I knew Aspen had an incredible wine community, and I’ve always been obsessed with the mountains, so when I came back to the states, I thought, What if I moved to Aspen to work at The Little Nell?
The Nell is what makes our wine community so strong. It attracts so much talent, and that talent is retained in our community. There is so much support for learning about wine. The sommelier team leads wine classes and blind tastings, and the wines they’d open at Element 47 were unreal. Being able to taste just a sip of, say, 1990 Le Pergole Torte—wines you couldn’t get access to otherwise—that’s how I really started tasting.
So many people who helped me on my path to becoming a master sommelier came through the Nell. Upon moving to Aspen, I sought out [local wine legend] Jay Fletcher, who became a mentor and good friend. Greg Van Wagner was also instrumental, as was Chris Dunaway, the wine director at The Little Nell. We’ve become close over the years as we’ve gone through the exams together. (Passing theory with him was one of the highlights of my career.) While I am happy to have earned my “red pin,” my favorite moments have been the times I’ve spent with this incredible group of people.
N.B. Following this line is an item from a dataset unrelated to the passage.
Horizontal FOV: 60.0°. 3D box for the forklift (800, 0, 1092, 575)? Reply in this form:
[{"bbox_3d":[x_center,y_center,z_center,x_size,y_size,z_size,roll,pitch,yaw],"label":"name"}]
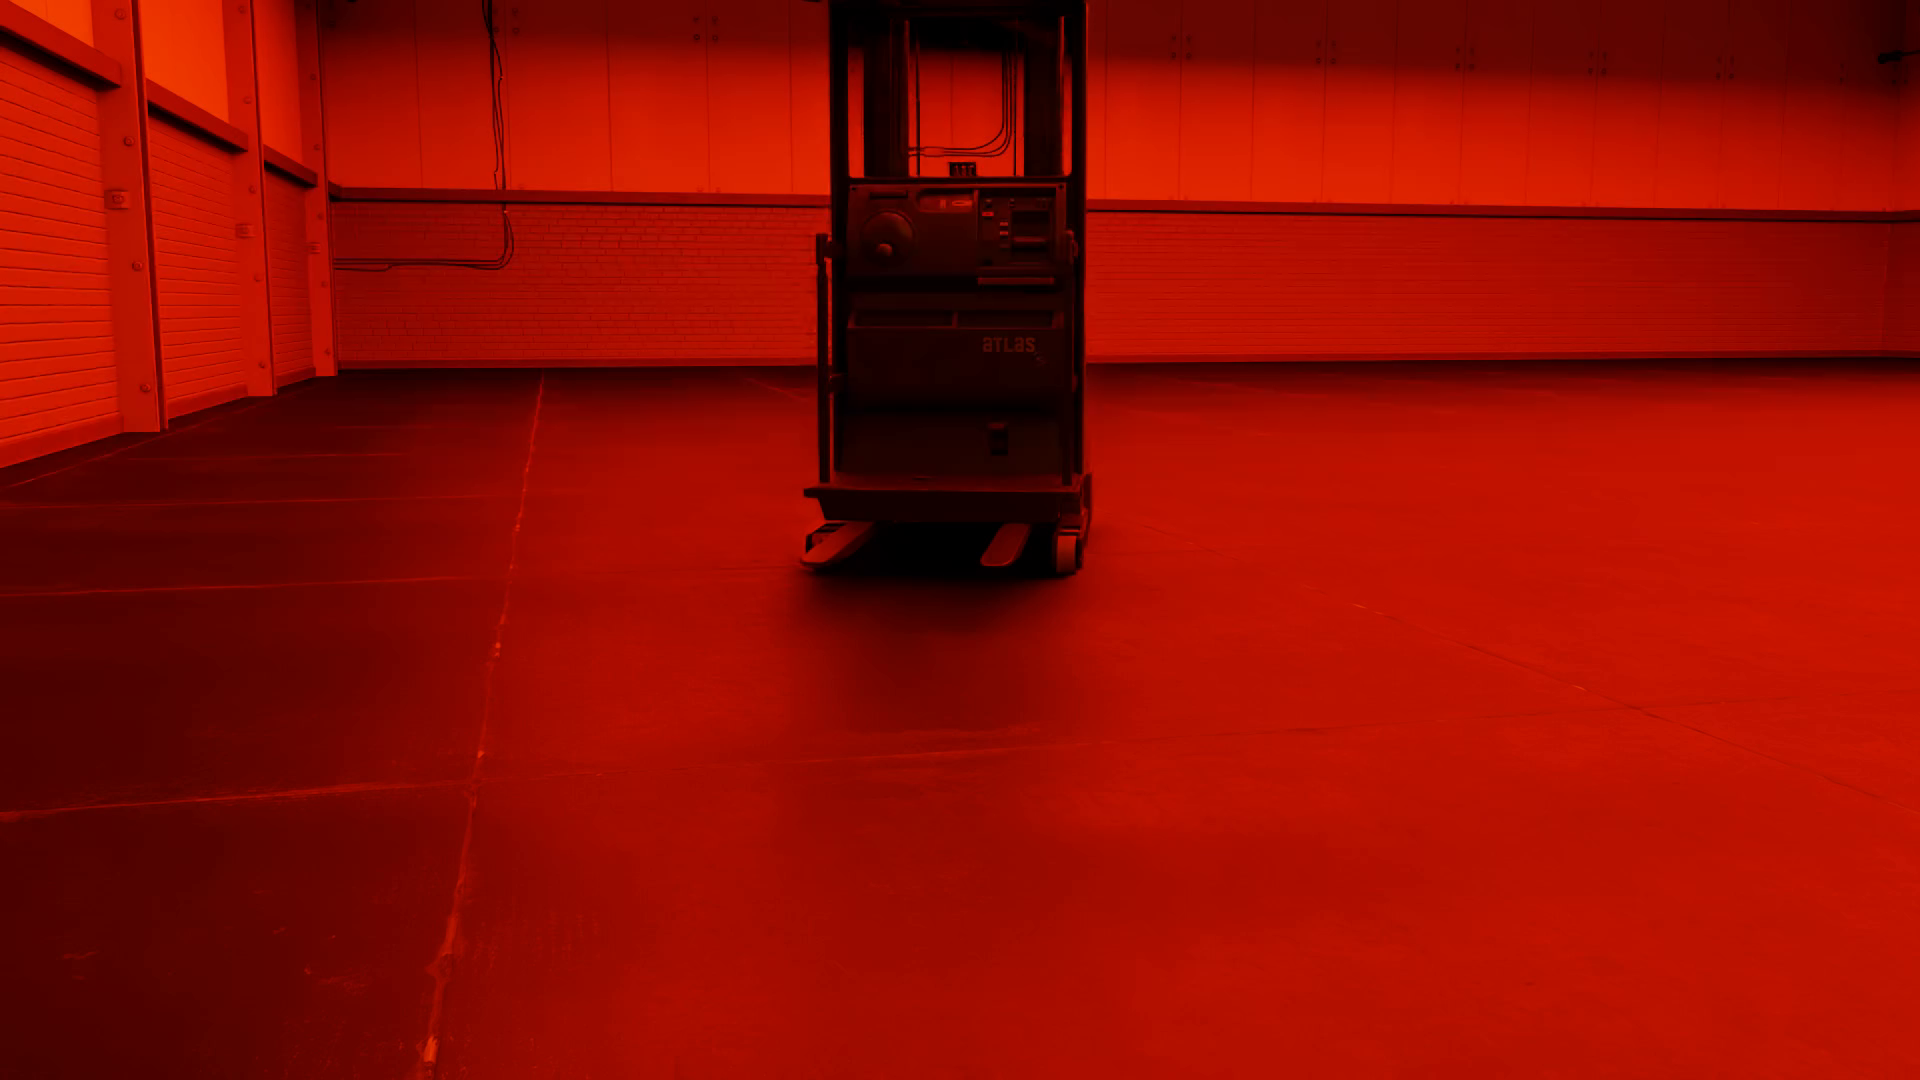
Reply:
[{"bbox_3d":[-0.035,-1.359,6.840,1.130,2.935,3.031,1,8,6],"label":"forklift"}]

I took over the wine program at Casa Tua last winter. We’ve been doing weekly tastings for members; we did an old and rare Barolo dinner where we opened up bottles from the 1950s, 1960s, 1970s. Building out our wine list has been so exciting.
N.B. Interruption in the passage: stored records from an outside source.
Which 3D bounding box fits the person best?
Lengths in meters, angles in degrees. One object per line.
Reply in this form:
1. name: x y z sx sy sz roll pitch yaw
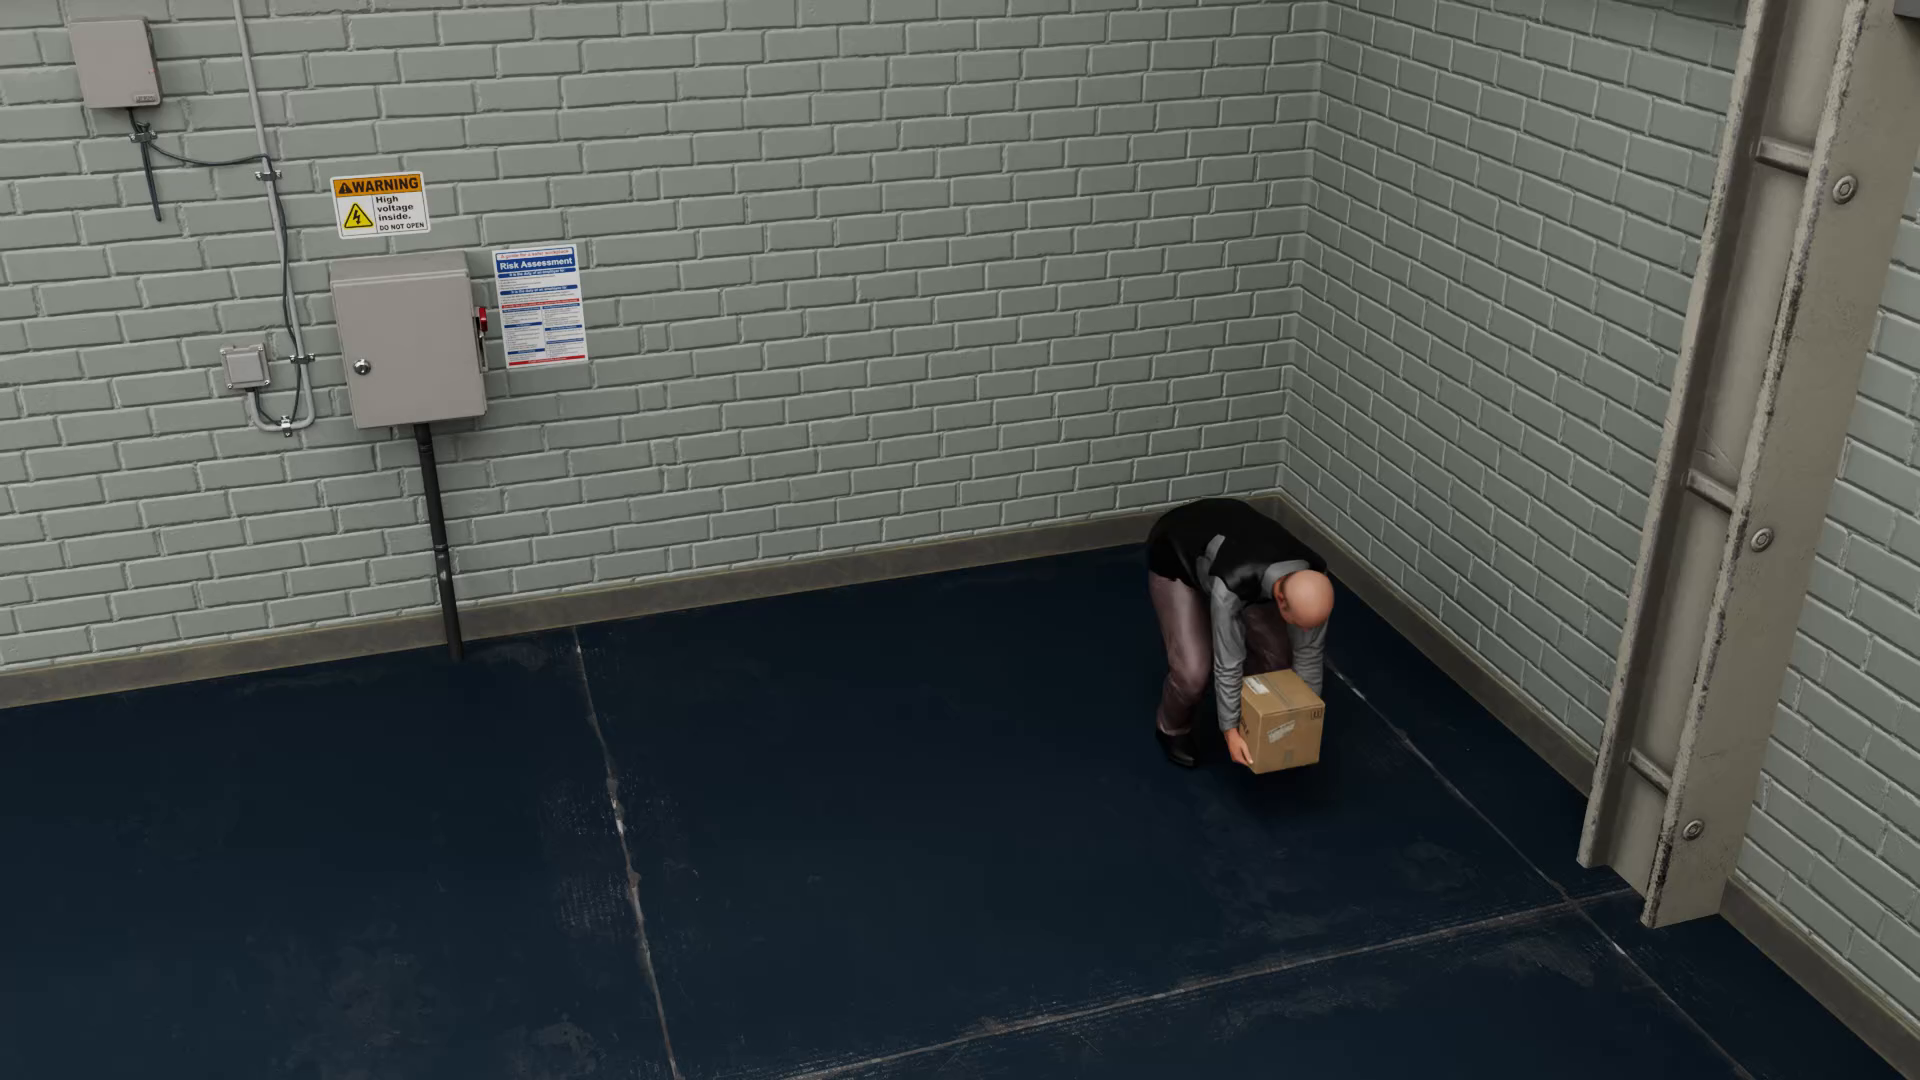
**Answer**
1. person: 1.032 0.397 6.099 0.508 1.048 0.951 -9 28 -19

But I feel lucky that Aspen has an off-season. I spend that time in Italy. As soon as the restaurant closes, I usually head to Piedmont, and then Sicily as well.
Italy has an older population, and as people die, some traditions die with them. I wanted to help preserve Italy’s old-school winemaking traditions by sharing it with people back in the states, so in 2017, I started a company called Winomad Productions. We create short films about some of Italy’s lesser-known wine regions.
I also lead small wine tours in Aspen’s off-season. I’m taking three people to Sicily in the spring, and I have Piedmont planned in the fall. I love the intimate group size because you can really have a local’s experience. We offer insider knowledge on the best places to eat, based off real relationships with producers—experiences you can’t have any other way.
In Italy, they’re making wine in every single town, in every single part of the country. There’s so much to be explored, sometimes I feel like a wine pioneer. Being able to share those experiences—through the tours, through films, through the bottles of wine we serve at the restaurant—is what I hope to be able to do. It’s so incredible, I can’t just keep it to myself.